• **WORK ITEM**
Somewhere below is a line with "globe -> -1.131, -0.315, 2.442" and, later, a line with "2. ink cartridge box [187, 130, 279, 278]"; repeat those two lines and all the lines between them, exactly as they are.

** RECORDS FOR PROCESSING follows **

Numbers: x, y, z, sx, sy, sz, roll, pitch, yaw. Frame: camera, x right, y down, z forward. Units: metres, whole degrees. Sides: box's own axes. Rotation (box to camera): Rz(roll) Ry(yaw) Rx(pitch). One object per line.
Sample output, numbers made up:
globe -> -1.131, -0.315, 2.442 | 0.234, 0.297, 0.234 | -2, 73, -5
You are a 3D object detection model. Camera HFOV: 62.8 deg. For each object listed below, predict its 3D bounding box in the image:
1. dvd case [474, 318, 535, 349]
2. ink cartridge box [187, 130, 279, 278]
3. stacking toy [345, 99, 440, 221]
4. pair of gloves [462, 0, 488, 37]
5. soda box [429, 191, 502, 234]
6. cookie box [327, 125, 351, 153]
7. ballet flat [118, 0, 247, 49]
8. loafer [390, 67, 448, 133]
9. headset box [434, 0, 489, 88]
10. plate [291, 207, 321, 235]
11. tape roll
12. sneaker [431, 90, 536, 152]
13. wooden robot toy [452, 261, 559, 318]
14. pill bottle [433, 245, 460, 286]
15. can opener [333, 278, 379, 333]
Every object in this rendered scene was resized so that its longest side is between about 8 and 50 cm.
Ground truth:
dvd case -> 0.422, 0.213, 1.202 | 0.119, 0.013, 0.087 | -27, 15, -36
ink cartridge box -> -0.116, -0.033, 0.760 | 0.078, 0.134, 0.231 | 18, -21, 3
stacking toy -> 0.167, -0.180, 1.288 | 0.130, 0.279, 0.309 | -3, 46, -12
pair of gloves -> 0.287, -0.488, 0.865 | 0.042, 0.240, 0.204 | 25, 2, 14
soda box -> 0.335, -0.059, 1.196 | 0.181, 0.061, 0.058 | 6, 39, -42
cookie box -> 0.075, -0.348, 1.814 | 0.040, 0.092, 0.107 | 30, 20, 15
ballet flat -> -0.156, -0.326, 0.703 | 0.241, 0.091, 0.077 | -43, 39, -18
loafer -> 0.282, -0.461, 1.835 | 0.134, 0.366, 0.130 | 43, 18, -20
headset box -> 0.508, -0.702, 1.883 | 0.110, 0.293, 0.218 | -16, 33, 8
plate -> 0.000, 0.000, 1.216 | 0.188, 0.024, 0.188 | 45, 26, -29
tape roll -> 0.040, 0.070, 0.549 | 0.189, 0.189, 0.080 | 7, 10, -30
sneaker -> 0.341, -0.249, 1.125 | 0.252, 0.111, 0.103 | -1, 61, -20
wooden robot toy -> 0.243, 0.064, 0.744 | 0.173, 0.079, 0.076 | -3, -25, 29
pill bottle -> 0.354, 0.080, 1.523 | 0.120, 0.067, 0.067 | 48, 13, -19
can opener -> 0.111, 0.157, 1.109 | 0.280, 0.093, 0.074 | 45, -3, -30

** End of RECORDS FOR PROCESSING **

• **ANSWER SECTION**
globe -> -1.131, -0.315, 2.442 | 0.234, 0.297, 0.234 | -2, 73, -5
You are a 3D object detection model. Camera HFOV: 62.8 deg. For each object listed below, predict its 3D bounding box in the image:
1. dvd case [474, 318, 535, 349]
2. ink cartridge box [187, 130, 279, 278]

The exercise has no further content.